**Task prompt:** With pictures omitted, copy exactly the lines from the one containing "text Gemeente Bernheze-Wet" through the end of the records below.
[Opening Material supplied section]
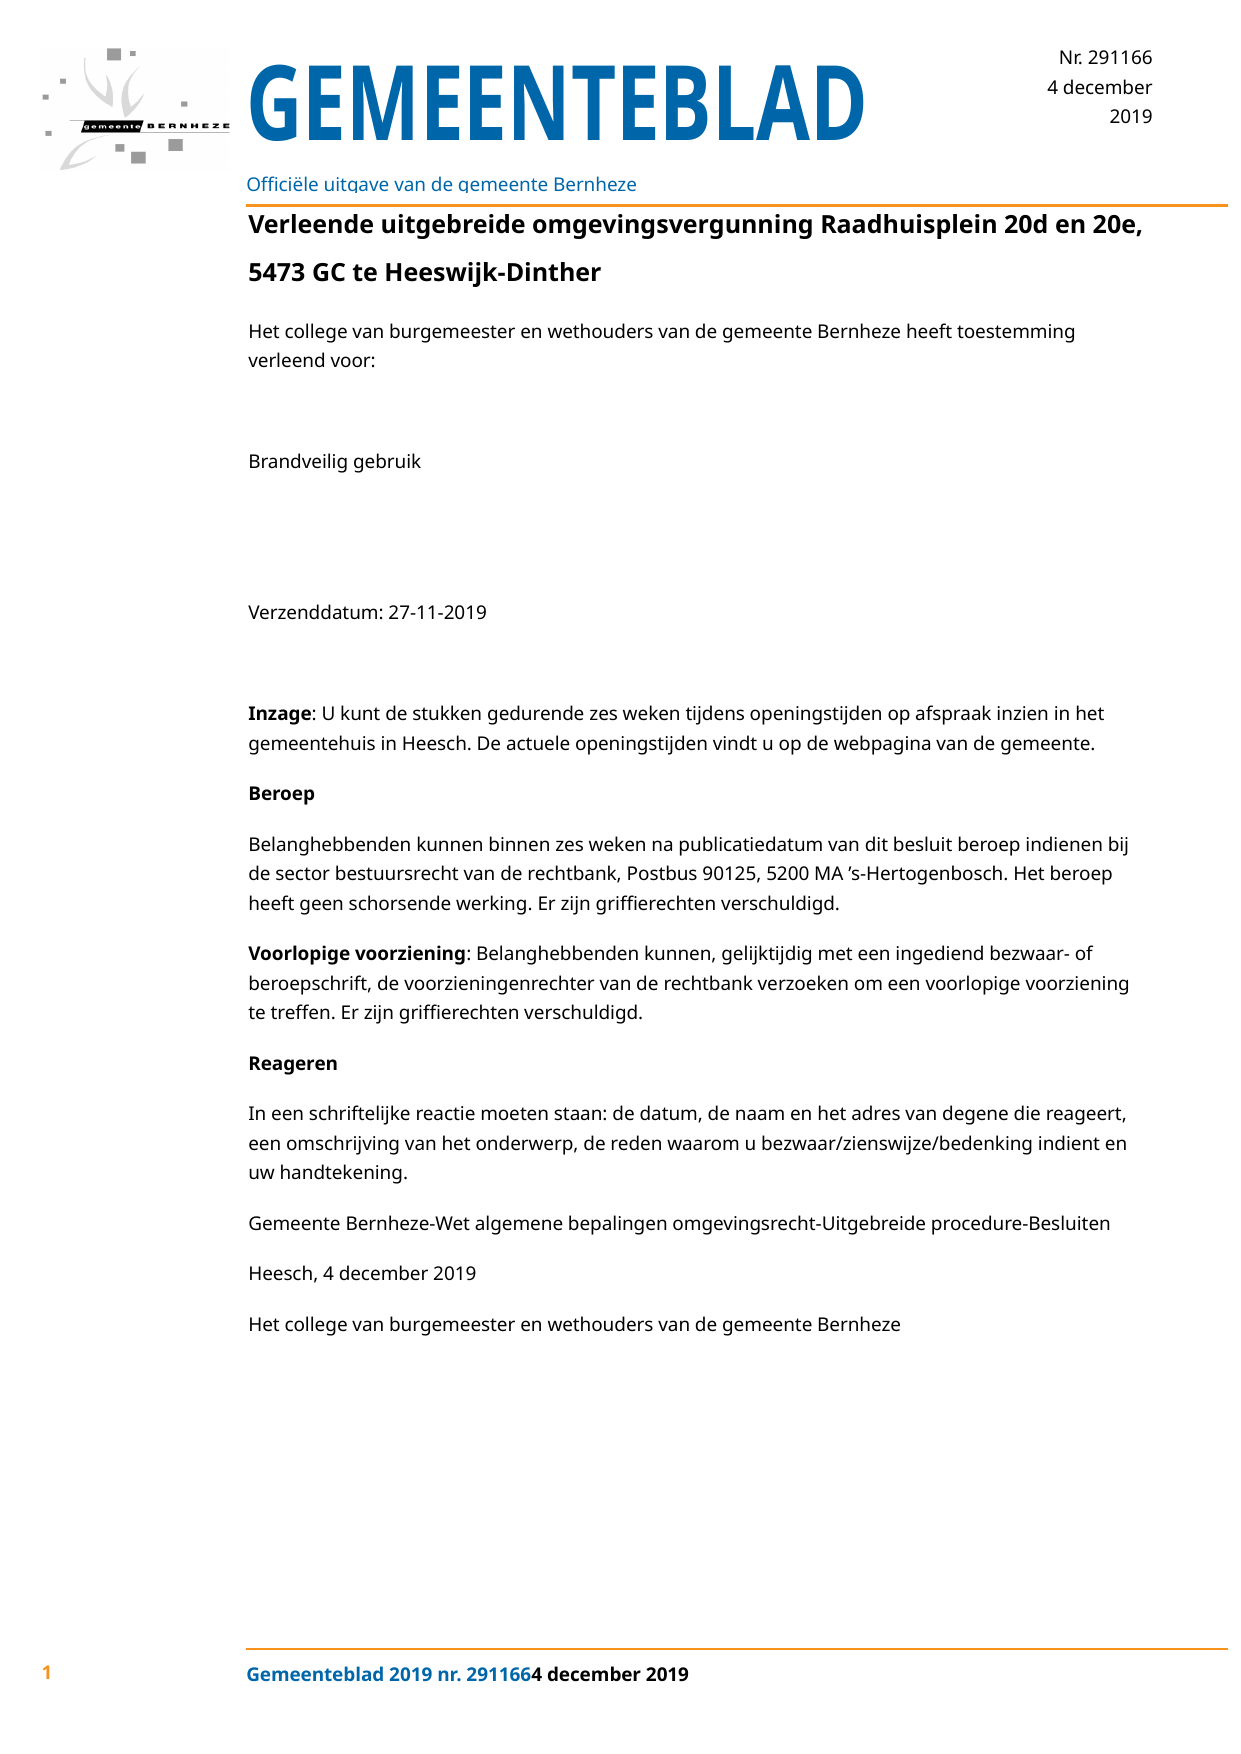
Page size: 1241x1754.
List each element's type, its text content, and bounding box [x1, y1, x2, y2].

text Inzage: U kunt de stukken gedurende zes weken tijdens openingstijden op afspraak inzien in het gemeentehuis in Heesch. De actuele openingstijden vindt u op de webpagina van de gemeente. [248, 700, 1152, 756]
text Beroep [248, 780, 1152, 806]
text Verleende uitgebreide omgevingsvergunning Raadhuisplein 20d en 20e, 5473 GC te Heeswijk-Dinther [248, 207, 1152, 288]
text Het college van burgemeester en wethouders van de gemeente Bernheze heeft toestemming verleend voor: [248, 318, 1152, 373]
text Belanghebbenden kunnen binnen zes weken na publicatiedatum van dit besluit beroep indienen bij de sector bestuursrecht van de rechtbank, Postbus 90125, 5200 MA ’s-Hertogenbosch. Het beroep heeft geen schorsende werking. Er zijn griffierechten verschuldigd. [248, 831, 1152, 916]
text In een schriftelijke reactie moeten staan: de datum, de naam en het adres van degene die reageert, een omschrijving van het onderwerp, de reden waarom u bezwaar/zienswijze/bedenking indient en uw handtekening. [248, 1100, 1152, 1185]
text Gemeente Bernheze-Wet algemene bepalingen omgevingsrecht-Uitgebreide procedure-Besluiten [248, 1210, 1152, 1236]
picture [41, 47, 231, 172]
text Brandveilig gebruik [248, 448, 1152, 474]
text Voorlopige voorziening: Belanghebbenden kunnen, gelijktijdig met een ingediend bezwaar- of beroepschrift, de voorzieningenrechter van de rechtbank verzoeken om een voorlopige voorziening te treffen. Er zijn griffierechten verschuldigd. [248, 940, 1152, 1025]
text Het college van burgemeester en wethouders van de gemeente Bernheze [248, 1311, 1152, 1337]
text Reageren [248, 1050, 1152, 1076]
text Heesch, 4 december 2019 [248, 1260, 1152, 1286]
text Verzenddatum: 27-11-2019 [248, 599, 1152, 625]
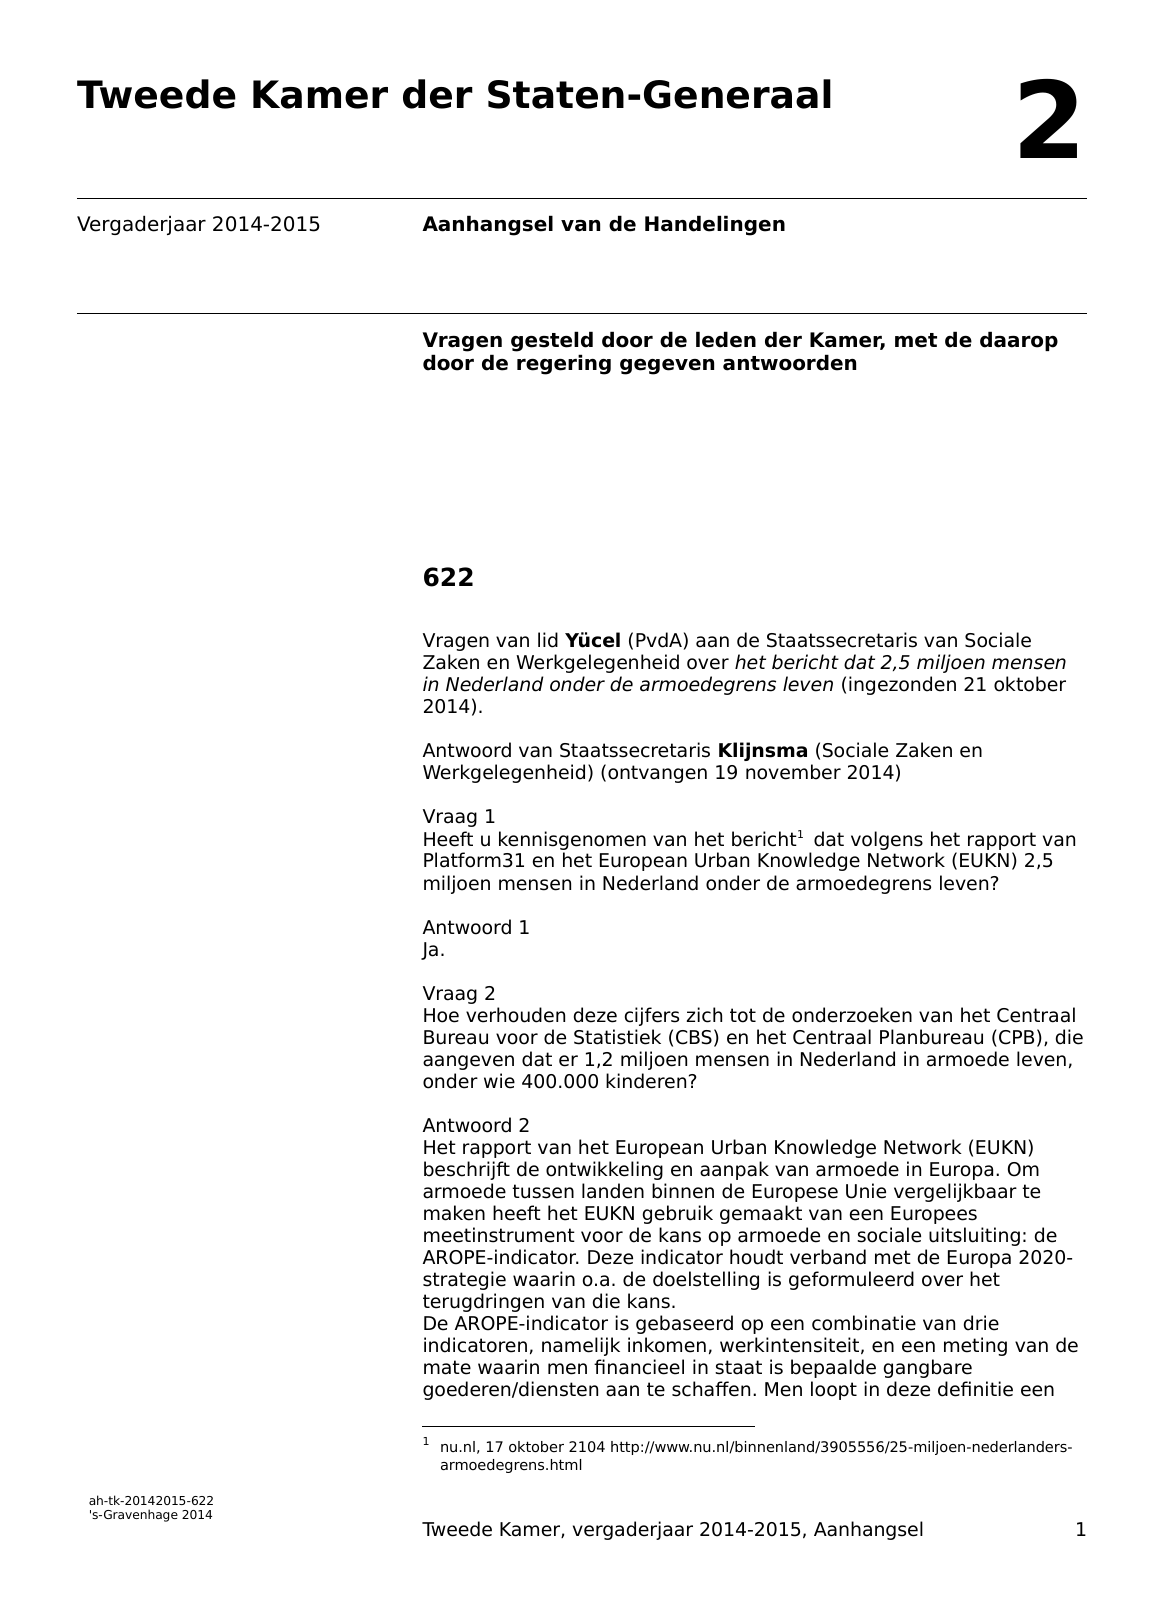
[Closing Material supplied section]
**The answer:**
text Gemeente Bernheze-Wet algemene bepalingen omgevingsrecht-Uitgebreide procedure-Besluiten [248, 1210, 1152, 1236]
picture [41, 47, 231, 172]
text Brandveilig gebruik [248, 448, 1152, 474]
text Voorlopige voorziening: Belanghebbenden kunnen, gelijktijdig met een ingediend bezwaar- of beroepschrift, de voorzieningenrechter van de rechtbank verzoeken om een voorlopige voorziening te treffen. Er zijn griffierechten verschuldigd. [248, 940, 1152, 1025]
text Het college van burgemeester en wethouders van de gemeente Bernheze [248, 1311, 1152, 1337]
text Reageren [248, 1050, 1152, 1076]
text Heesch, 4 december 2019 [248, 1260, 1152, 1286]
text Verzenddatum: 27-11-2019 [248, 599, 1152, 625]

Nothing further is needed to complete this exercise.